Task prompt
Exact transcription, pictures omitted: begin at the top line of the records below and end with the line bearing "Please mark every".

Items from a data source:
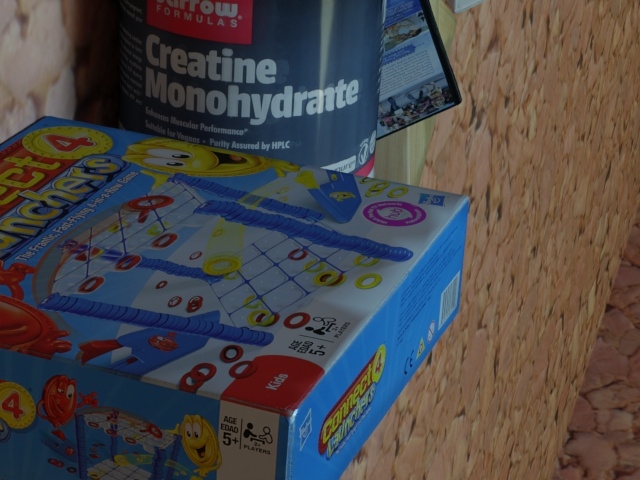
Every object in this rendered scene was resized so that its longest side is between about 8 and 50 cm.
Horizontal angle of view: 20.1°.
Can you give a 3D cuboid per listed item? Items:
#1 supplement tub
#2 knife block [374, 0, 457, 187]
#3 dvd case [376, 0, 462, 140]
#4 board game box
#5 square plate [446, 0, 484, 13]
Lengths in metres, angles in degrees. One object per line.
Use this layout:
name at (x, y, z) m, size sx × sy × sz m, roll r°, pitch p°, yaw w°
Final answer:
supplement tub at (-0.049, -0.156, 1.280) m, size 0.191 × 0.191 × 0.272 m, roll -48°, pitch 146°, yaw -57°
knife block at (0.054, -0.188, 1.750) m, size 0.242 × 0.088 × 0.276 m, roll 22°, pitch 81°, yaw -71°
dvd case at (0.021, -0.144, 1.569) m, size 0.253 × 0.180 × 0.022 m, roll 59°, pitch 8°, yaw -65°
board game box at (-0.101, 0.037, 1.067) m, size 0.308 × 0.302 × 0.086 m, roll -47°, pitch 145°, yaw -59°
square plate at (0.210, -0.458, 2.116) m, size 0.344 × 0.049 × 0.347 m, roll -34°, pitch 134°, yaw -65°
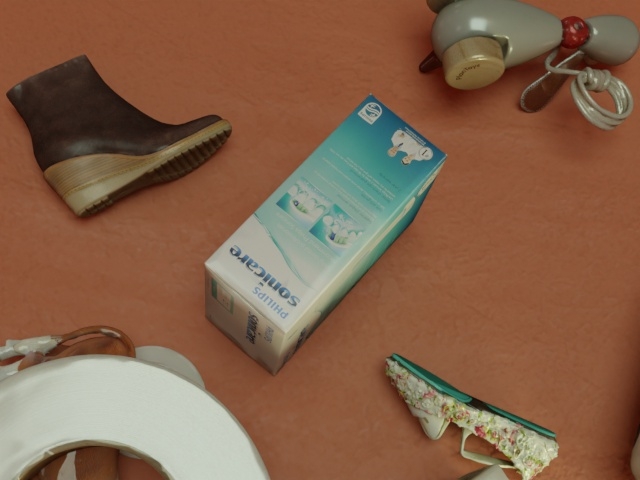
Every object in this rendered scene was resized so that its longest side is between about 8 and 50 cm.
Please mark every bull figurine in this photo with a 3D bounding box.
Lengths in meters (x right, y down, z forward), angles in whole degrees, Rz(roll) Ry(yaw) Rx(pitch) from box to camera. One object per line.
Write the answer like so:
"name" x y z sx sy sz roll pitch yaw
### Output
"bull figurine" -0.303 0.248 1.091 0.188 0.101 0.310 9 70 -8

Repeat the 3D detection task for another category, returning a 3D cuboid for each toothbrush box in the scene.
"toothbrush box" 0.000 0.000 1.163 0.126 0.216 0.295 39 71 8

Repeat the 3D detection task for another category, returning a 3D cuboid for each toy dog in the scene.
"toy dog" 0.276 -0.269 1.356 0.333 0.161 0.220 21 65 -15

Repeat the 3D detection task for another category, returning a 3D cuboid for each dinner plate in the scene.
"dinner plate" -0.211 0.197 1.170 0.141 0.017 0.141 2 71 -6

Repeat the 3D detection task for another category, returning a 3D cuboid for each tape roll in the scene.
"tape roll" -0.234 0.315 0.992 0.392 0.072 0.392 1 76 -5

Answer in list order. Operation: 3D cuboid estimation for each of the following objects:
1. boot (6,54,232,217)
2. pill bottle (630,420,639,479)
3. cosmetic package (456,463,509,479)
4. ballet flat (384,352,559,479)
"boot" -0.266 -0.166 1.256 0.248 0.090 0.207 -27 77 -12
"pill bottle" 0.495 0.222 1.148 0.204 0.204 0.361 22 69 2
"cosmetic package" 0.088 0.385 1.062 0.309 0.160 0.113 -31 77 -15
"ballet flat" 0.177 0.224 1.176 0.241 0.091 0.077 27 91 7
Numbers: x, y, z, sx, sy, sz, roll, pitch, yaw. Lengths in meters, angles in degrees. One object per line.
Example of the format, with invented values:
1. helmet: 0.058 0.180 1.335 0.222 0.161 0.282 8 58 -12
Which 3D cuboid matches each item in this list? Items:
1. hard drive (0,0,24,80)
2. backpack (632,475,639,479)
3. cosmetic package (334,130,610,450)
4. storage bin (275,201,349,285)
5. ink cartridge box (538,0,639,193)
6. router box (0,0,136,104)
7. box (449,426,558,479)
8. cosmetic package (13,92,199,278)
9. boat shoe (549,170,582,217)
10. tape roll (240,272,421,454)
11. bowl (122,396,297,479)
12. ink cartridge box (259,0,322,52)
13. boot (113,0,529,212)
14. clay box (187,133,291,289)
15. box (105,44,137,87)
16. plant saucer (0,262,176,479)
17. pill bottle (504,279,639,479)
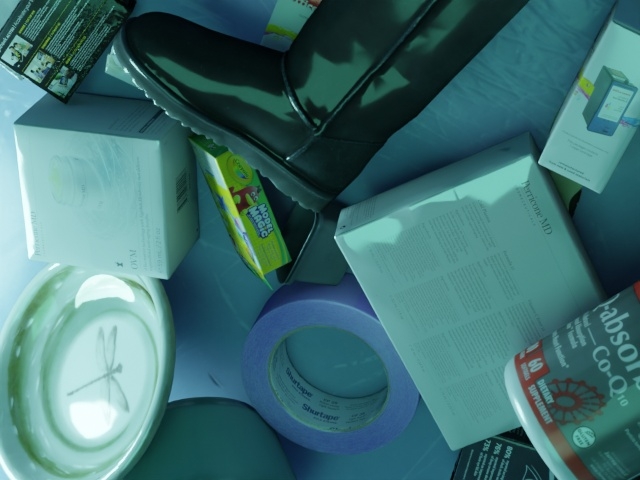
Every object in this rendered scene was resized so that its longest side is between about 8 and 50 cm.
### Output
1. hard drive: -0.431 -0.307 1.934 0.094 0.022 0.135 39 122 -7
2. backpack: 0.512 0.289 1.868 0.225 0.191 0.253 -24 148 27
3. cosmetic package: 0.231 0.076 1.838 0.284 0.097 0.377 -21 112 19
4. storage bin: 0.000 0.000 1.942 0.091 0.098 0.135 13 125 -23
5. ink cartridge box: 0.364 -0.191 1.681 0.093 0.154 0.212 27 123 3
6. router box: -0.360 -0.296 1.879 0.133 0.046 0.179 33 116 -17
7. box: 0.309 0.335 2.015 0.207 0.108 0.153 17 121 7
8. cosmetic package: -0.306 -0.083 1.954 0.225 0.138 0.224 8 120 14
9. boat shoe: 0.329 -0.070 1.824 0.049 0.042 0.133 16 124 11
10. tape roll: 0.022 0.186 2.031 0.275 0.090 0.274 8 119 14
11. bowl: -0.181 0.350 2.098 0.312 0.163 0.311 -4 151 -2
12. ink cartridge box: -0.002 -0.272 1.791 0.134 0.078 0.231 25 121 1
13. boot: 0.012 -0.287 1.643 0.367 0.146 0.445 34 125 -17
14. clay box: -0.109 -0.047 1.915 0.053 0.127 0.222 -28 117 -12
15. box: -0.140 -0.202 1.879 0.324 0.067 0.063 25 123 1
16. plant saucer: -0.343 0.206 2.052 0.400 0.400 0.100 -30 148 28
17. pill bottle: 0.432 0.152 1.689 0.363 0.210 0.210 -34 105 15
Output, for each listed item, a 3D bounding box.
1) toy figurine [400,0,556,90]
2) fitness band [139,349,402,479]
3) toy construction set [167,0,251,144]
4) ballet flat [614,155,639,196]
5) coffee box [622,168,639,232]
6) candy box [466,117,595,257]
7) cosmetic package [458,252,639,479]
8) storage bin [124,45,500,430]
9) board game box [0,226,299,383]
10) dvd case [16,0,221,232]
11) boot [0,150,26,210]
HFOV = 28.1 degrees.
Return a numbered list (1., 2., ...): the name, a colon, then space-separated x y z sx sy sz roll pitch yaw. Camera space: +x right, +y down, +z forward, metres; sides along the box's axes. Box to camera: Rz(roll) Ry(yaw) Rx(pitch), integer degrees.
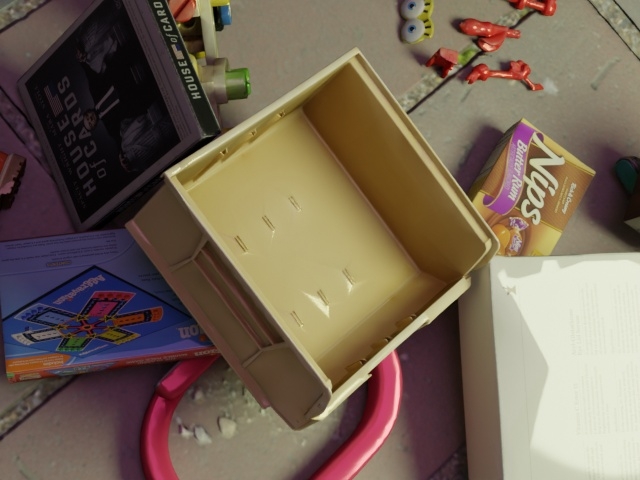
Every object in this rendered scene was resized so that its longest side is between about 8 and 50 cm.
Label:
1. toy figurine: 0.233 -0.375 1.449 0.191 0.217 0.363 16 71 -13
2. fitness band: -0.048 0.173 1.292 0.291 0.054 0.209 -42 92 -22
3. toy construction set: -0.131 -0.241 1.271 0.151 0.215 0.328 8 116 -5
4. ballet flat: 0.386 -0.050 1.500 0.041 0.041 0.114 -24 84 -22
5. coffee box: 0.513 -0.010 1.431 0.297 0.168 0.119 33 67 -17
6. candy box: 0.218 -0.031 1.432 0.109 0.053 0.187 36 69 -5
7. cosmetic package: 0.297 0.202 1.338 0.284 0.097 0.377 0 83 -20
8. storage bin: 0.000 0.000 1.218 0.262 0.123 0.260 -38 92 -36
9. board game box: -0.171 0.052 1.262 0.281 0.027 0.145 -7 62 -10
10. dvd case: -0.201 -0.130 1.234 0.029 0.238 0.179 -15 78 -45
11. boot: -0.354 -0.025 1.252 0.084 0.059 0.158 20 61 -8
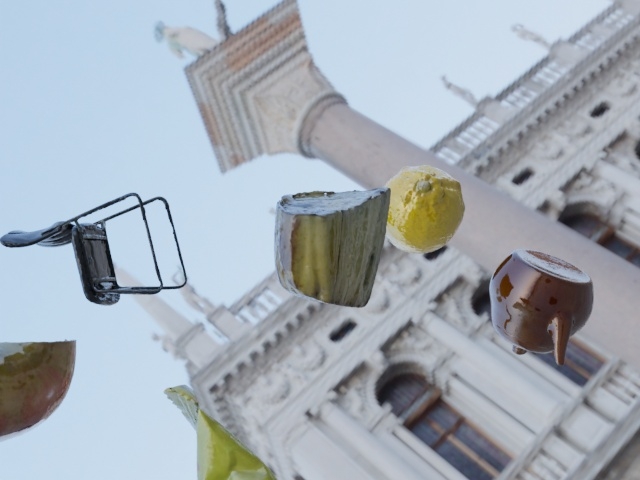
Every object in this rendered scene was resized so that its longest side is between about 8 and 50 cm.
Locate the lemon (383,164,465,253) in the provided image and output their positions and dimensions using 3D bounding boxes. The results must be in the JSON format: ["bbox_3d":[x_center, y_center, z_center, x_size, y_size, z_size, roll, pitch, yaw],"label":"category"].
[{"bbox_3d":[0.131,-0.042,1.206,0.114,0.114,0.155,-44,-11,-15],"label":"lemon"}]

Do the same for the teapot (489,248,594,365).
[{"bbox_3d":[0.230,0.073,1.000,0.116,0.173,0.116,-5,-66,-12],"label":"teapot"}]

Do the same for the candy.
[{"bbox_3d":[-0.051,0.264,0.784,0.081,0.297,0.187,-25,-31,-16],"label":"candy"}]

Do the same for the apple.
[{"bbox_3d":[-0.528,0.234,1.424,0.293,0.251,0.163,9,-105,-44],"label":"apple"}]

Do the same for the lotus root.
[{"bbox_3d":[0.002,0.004,0.989,0.159,0.095,0.135,0,-82,-54],"label":"lotus root"}]

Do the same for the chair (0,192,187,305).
[{"bbox_3d":[-0.328,0.026,1.339,0.221,0.145,0.140,-14,-2,6],"label":"chair"}]
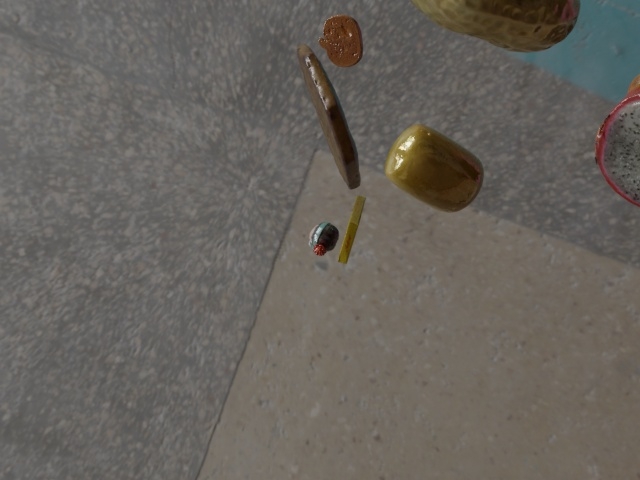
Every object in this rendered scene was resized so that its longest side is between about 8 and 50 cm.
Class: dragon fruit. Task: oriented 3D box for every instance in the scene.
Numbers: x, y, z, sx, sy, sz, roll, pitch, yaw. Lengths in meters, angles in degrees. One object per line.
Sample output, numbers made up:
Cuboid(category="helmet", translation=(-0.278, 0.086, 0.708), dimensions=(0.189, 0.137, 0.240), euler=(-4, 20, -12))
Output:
Cuboid(category="dragon fruit", translation=(0.748, -0.214, 1.625), dimensions=(0.226, 0.305, 0.305), euler=(-38, 98, -38))

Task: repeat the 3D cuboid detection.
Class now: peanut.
Cuboid(category="peanut", translation=(0.239, -0.368, 1.139), dimensions=(0.325, 0.140, 0.153), euler=(17, 86, -24))

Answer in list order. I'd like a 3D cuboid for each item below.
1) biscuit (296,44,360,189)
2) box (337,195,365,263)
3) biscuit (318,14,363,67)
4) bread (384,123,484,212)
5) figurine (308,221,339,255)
Cuboid(category="biscuit", translation=(0.022, -0.288, 1.829), dimensions=(0.046, 0.359, 0.358), euler=(-22, 95, 0))
Cuboid(category="box", translation=(0.062, -0.023, 1.539), dimensions=(0.023, 0.155, 0.086), euler=(19, 114, 0))
Cuboid(category="biscuit", translation=(0.035, -0.346, 1.366), dimensions=(0.078, 0.015, 0.091), euler=(3, 117, 20))
Cuboid(category="bread", translation=(0.243, -0.143, 1.637), dimensions=(0.217, 0.098, 0.147), euler=(23, 102, -27))
Cuboid(category="figurine", translation=(0.000, 0.000, 1.351), dimensions=(0.047, 0.106, 0.060), euler=(30, 83, -7))

Solution to this problem
Every object in this rendered scene was resized so that its longest side is between about 8 and 50 cm.
Horizontal angle of view: 20.1°.
Can you give a 3D cuboid per listed item? Items:
#1 supplement tub
#2 knife block [374, 0, 457, 187]
#3 dvd case [376, 0, 462, 140]
#4 board game box
#5 square plate [446, 0, 484, 13]
Lengths in metres, angles in degrees. One object per line.
Use this layout:
name at (x, y, z) m, size sx × sy × sz m, roll r°, pitch p°, yaw w°
Final answer:
supplement tub at (-0.049, -0.156, 1.280) m, size 0.191 × 0.191 × 0.272 m, roll -48°, pitch 146°, yaw -57°
knife block at (0.054, -0.188, 1.750) m, size 0.242 × 0.088 × 0.276 m, roll 22°, pitch 81°, yaw -71°
dvd case at (0.021, -0.144, 1.569) m, size 0.253 × 0.180 × 0.022 m, roll 59°, pitch 8°, yaw -65°
board game box at (-0.101, 0.037, 1.067) m, size 0.308 × 0.302 × 0.086 m, roll -47°, pitch 145°, yaw -59°
square plate at (0.210, -0.458, 2.116) m, size 0.344 × 0.049 × 0.347 m, roll -34°, pitch 134°, yaw -65°
Every object in this rendered scene was resized so that its longest side is between about 8 and 50 cm.
Please mark every bull figurine in this photo with a 3D bounding box.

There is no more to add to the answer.